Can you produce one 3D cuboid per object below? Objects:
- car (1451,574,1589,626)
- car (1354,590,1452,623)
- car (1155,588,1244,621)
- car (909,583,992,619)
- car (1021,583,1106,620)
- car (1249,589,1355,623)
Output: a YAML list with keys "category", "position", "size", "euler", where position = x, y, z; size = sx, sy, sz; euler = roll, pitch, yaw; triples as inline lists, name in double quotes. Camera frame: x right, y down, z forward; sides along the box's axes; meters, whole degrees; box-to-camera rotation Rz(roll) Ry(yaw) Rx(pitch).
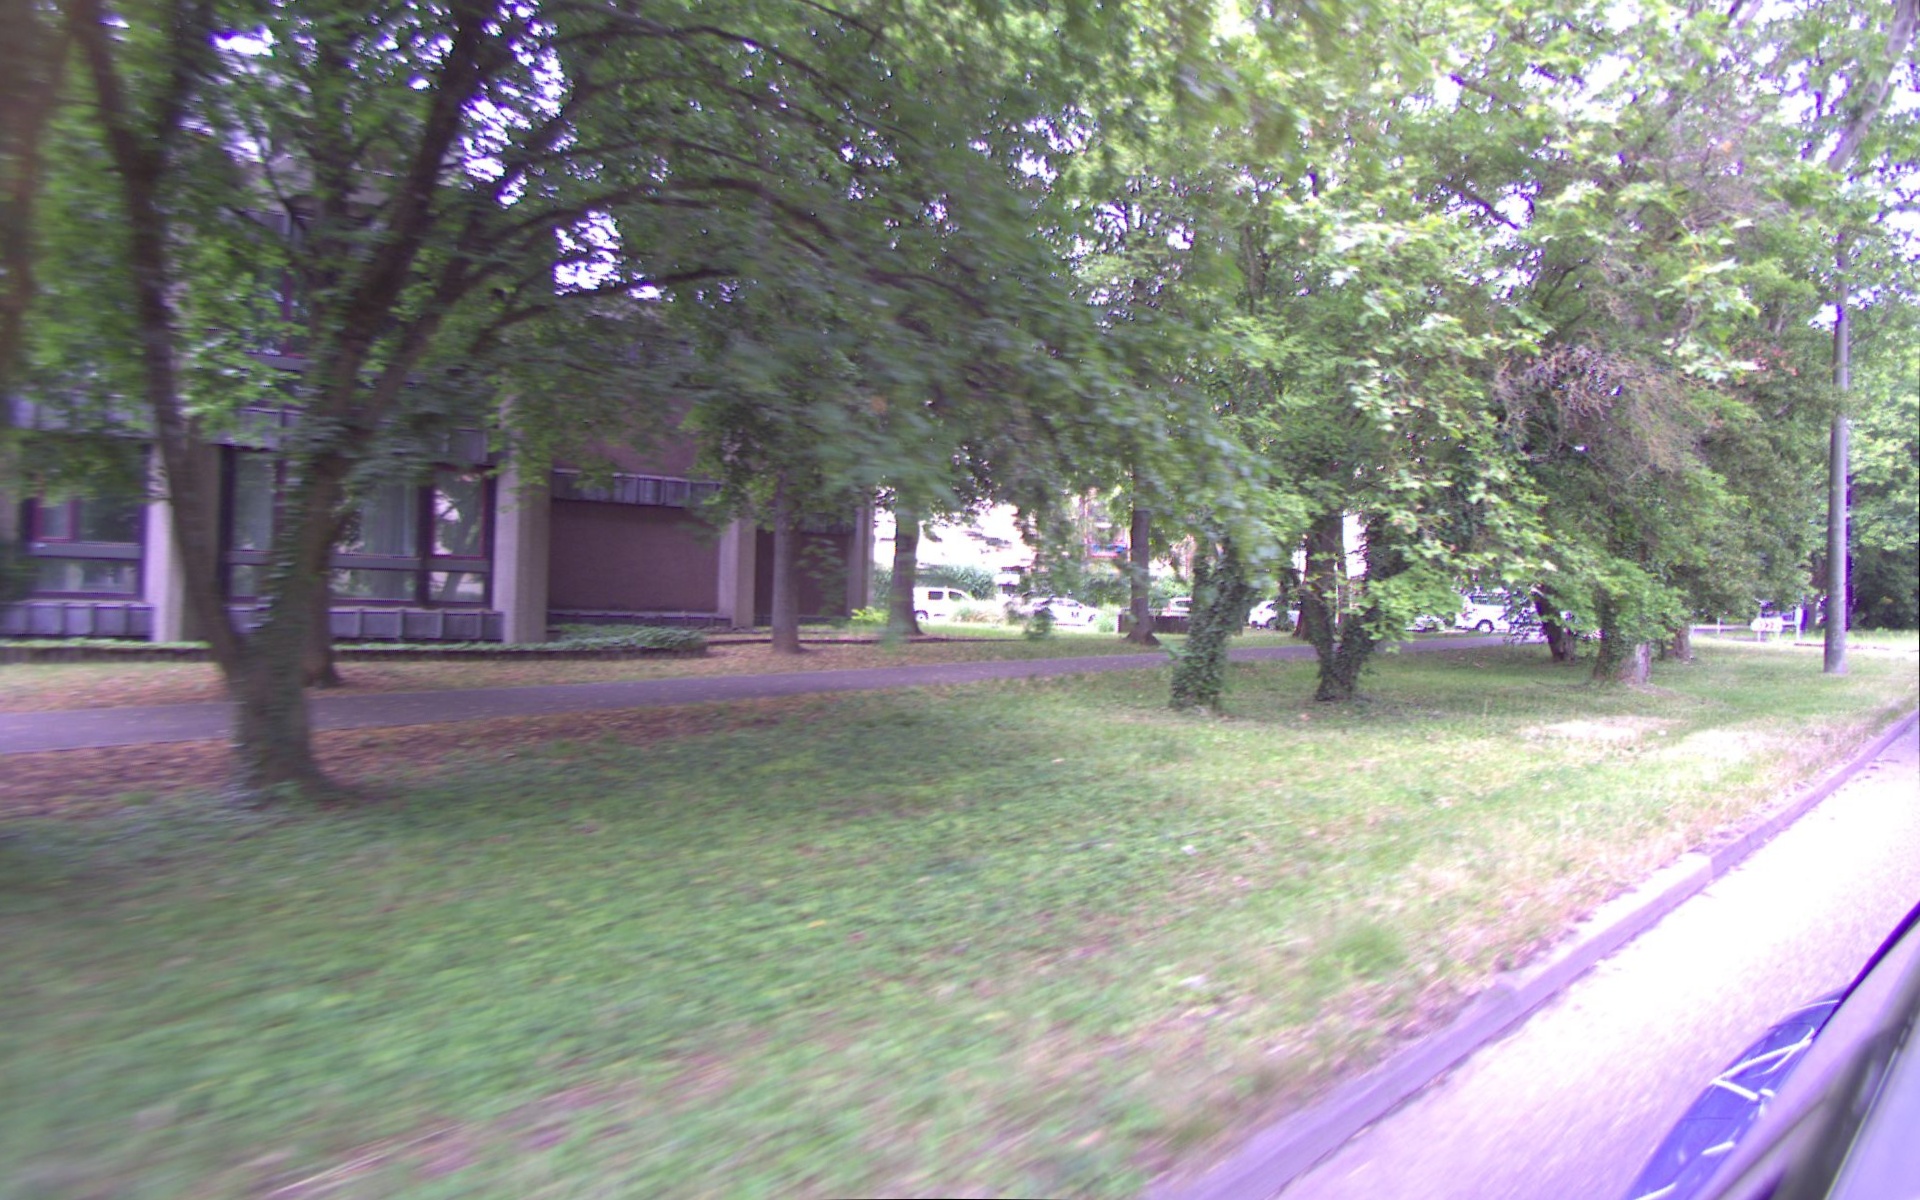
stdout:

★ ★ ★ ★ ★ ★ ★

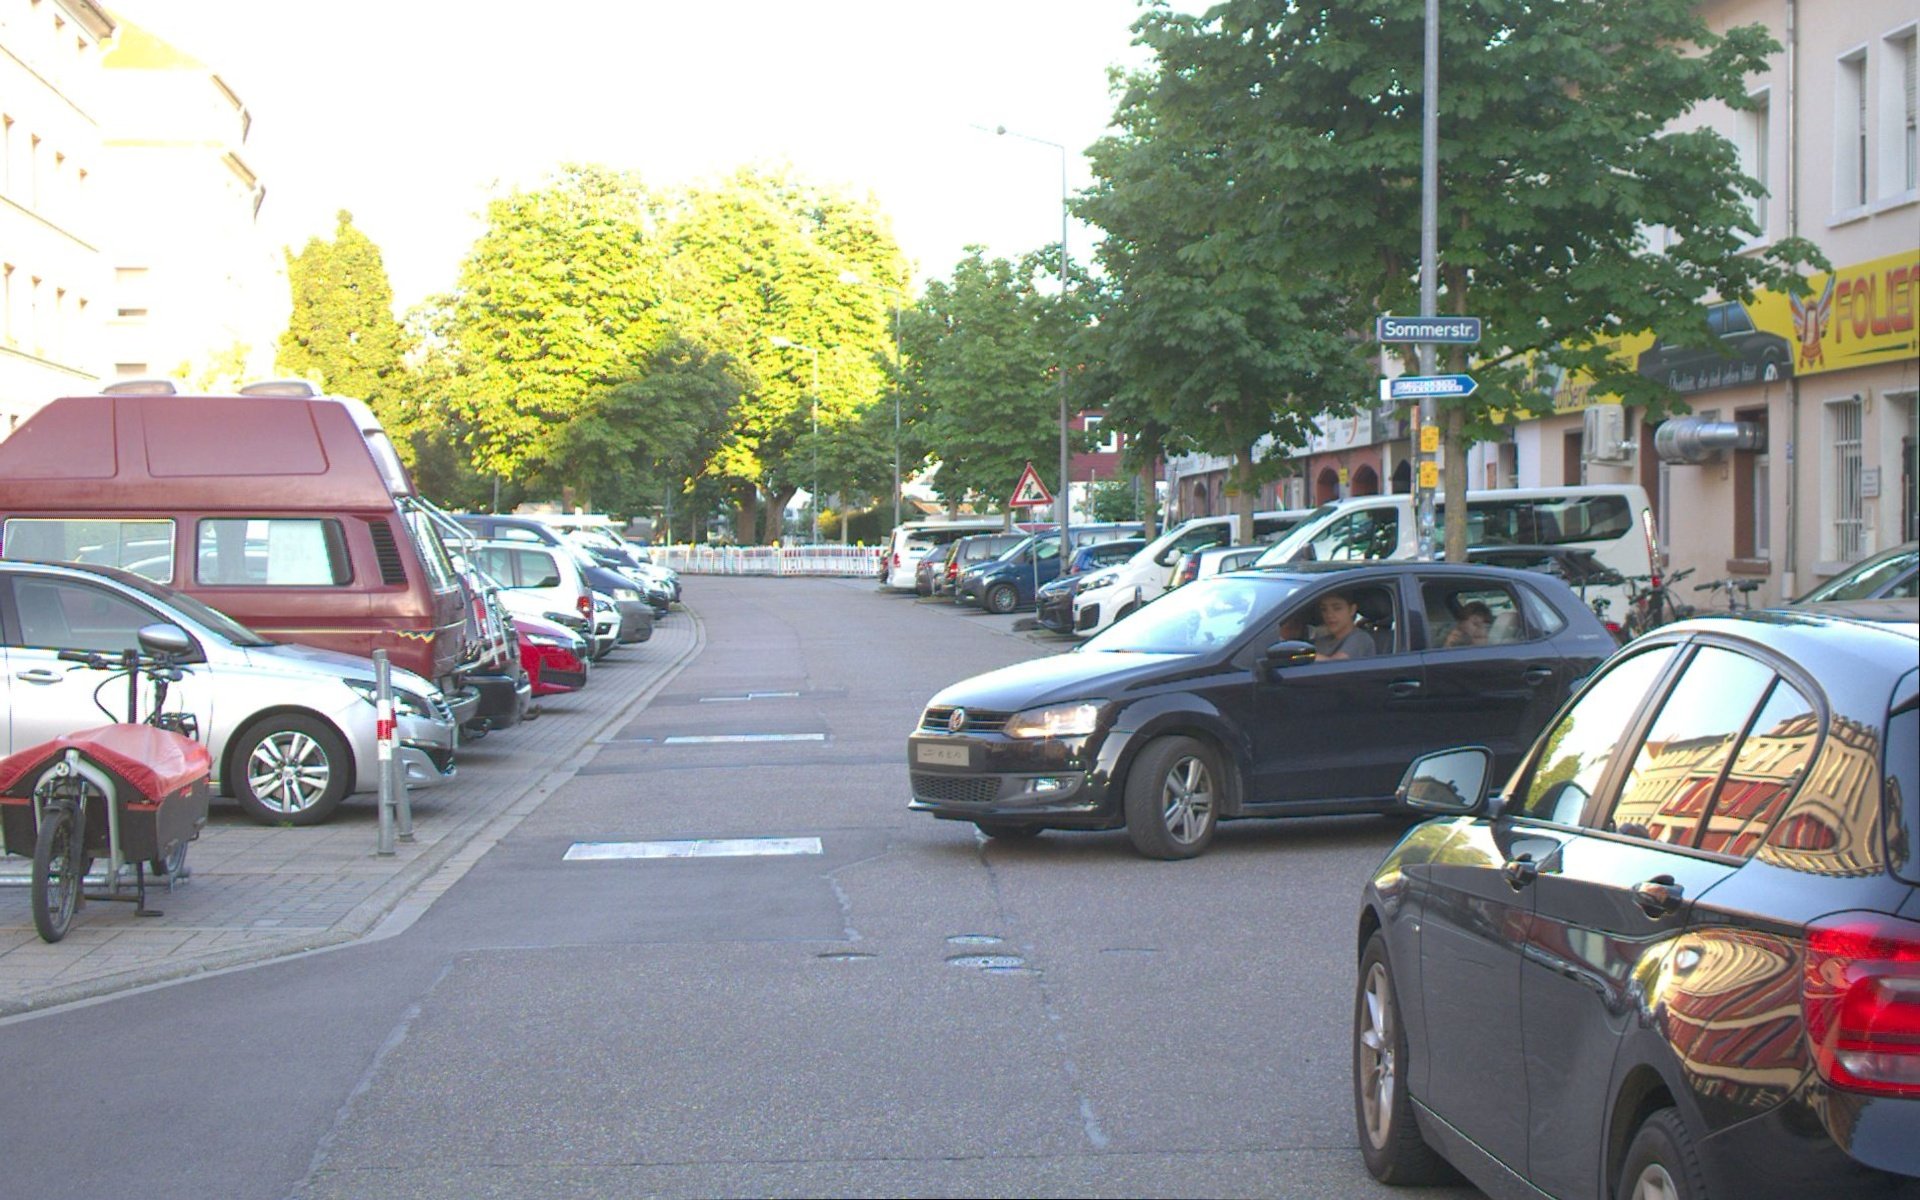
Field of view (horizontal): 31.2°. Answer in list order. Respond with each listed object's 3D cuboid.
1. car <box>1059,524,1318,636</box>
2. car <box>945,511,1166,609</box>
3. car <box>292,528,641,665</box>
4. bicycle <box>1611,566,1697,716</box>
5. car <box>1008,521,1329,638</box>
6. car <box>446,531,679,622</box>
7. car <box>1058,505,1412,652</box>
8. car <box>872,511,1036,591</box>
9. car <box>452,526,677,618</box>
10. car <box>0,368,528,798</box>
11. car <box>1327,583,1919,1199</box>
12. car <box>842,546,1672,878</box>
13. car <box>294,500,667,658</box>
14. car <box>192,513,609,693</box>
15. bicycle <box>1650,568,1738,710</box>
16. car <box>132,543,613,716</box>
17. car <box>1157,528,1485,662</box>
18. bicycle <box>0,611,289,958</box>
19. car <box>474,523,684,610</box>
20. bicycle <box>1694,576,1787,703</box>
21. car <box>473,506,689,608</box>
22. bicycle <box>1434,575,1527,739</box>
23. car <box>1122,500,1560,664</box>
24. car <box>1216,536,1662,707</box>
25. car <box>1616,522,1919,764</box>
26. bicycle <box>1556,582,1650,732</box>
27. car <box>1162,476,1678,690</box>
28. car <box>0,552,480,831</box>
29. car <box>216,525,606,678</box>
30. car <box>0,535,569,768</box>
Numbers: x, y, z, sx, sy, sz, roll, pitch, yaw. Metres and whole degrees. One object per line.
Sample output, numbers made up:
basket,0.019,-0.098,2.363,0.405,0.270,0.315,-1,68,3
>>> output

★ ★ ★ ★ ★ ★ ★

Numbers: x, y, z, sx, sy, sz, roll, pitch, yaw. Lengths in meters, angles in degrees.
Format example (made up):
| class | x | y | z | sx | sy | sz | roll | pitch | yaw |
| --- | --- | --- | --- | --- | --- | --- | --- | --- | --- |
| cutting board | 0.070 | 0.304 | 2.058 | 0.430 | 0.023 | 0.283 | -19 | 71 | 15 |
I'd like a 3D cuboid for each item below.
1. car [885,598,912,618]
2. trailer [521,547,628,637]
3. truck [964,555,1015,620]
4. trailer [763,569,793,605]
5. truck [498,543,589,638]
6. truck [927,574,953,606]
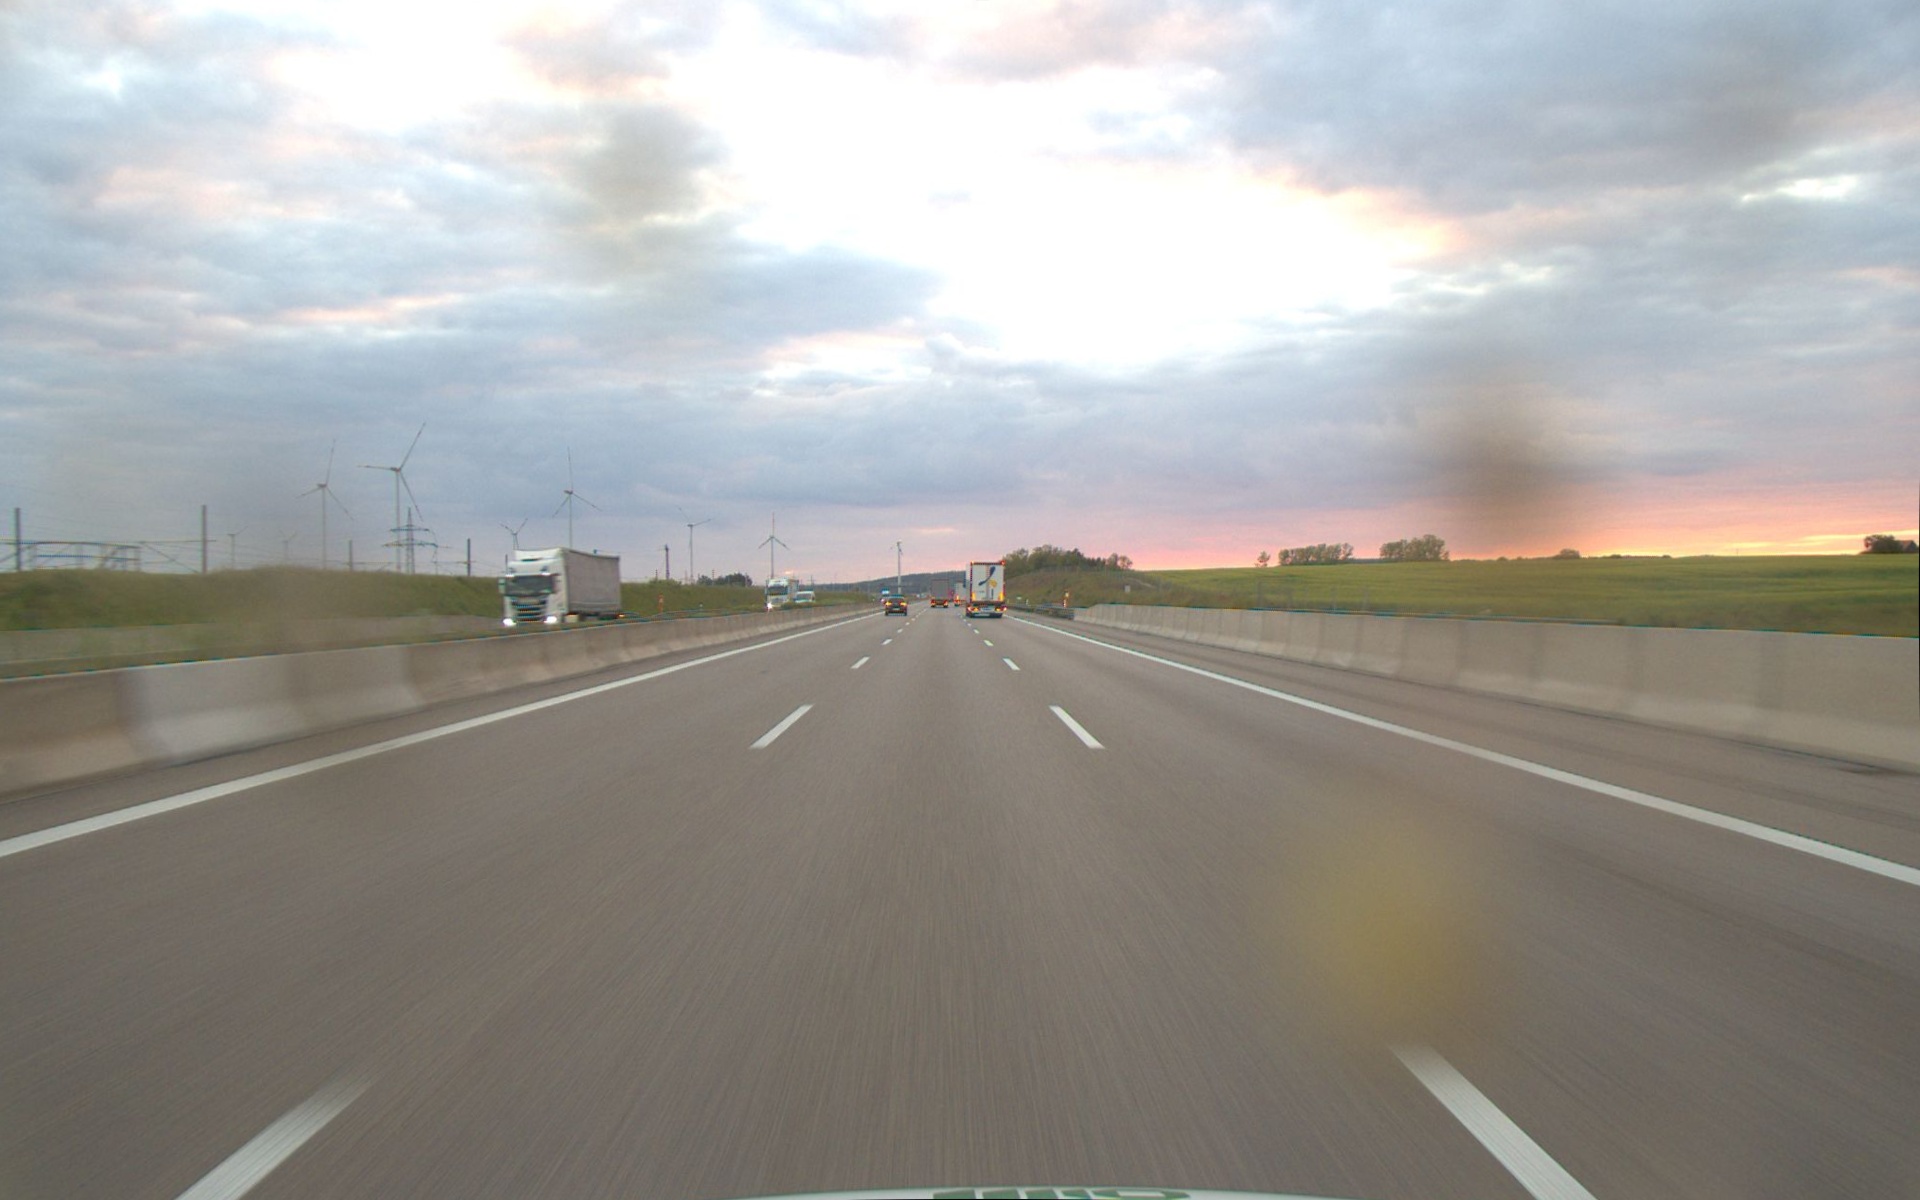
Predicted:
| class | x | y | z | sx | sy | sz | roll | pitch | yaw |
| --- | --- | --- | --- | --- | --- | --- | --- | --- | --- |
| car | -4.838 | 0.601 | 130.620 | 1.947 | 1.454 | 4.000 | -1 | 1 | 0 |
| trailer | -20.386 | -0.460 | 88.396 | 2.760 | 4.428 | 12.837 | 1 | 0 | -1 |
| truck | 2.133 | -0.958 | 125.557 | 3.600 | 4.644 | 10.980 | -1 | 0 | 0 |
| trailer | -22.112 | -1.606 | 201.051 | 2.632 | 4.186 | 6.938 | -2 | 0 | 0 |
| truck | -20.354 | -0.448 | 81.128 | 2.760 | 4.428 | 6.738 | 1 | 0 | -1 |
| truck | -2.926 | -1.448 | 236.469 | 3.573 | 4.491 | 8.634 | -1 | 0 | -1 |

★ ★ ★ ★ ★ ★ ★

→ **Work order**
Where a line above includes "whole", copy that line.

→ **Finished task**
Output: a YAML list with keys "category", "position", "size", "euler", where position = x, y, z; size = sx, sy, sz; euler = roll, pitch, yaw; triples as inline lists, name in double quotes. Camera frame: x right, y down, z forward; sides along the box's axes; meters, whole degrees; box-to-camera rotation Rz(roll) Ry(yaw) Rx(pitch).
Numbers: x, y, z, sx, sy, sz, roll, pitch, yaw. Metres and whole degrees. One object per line.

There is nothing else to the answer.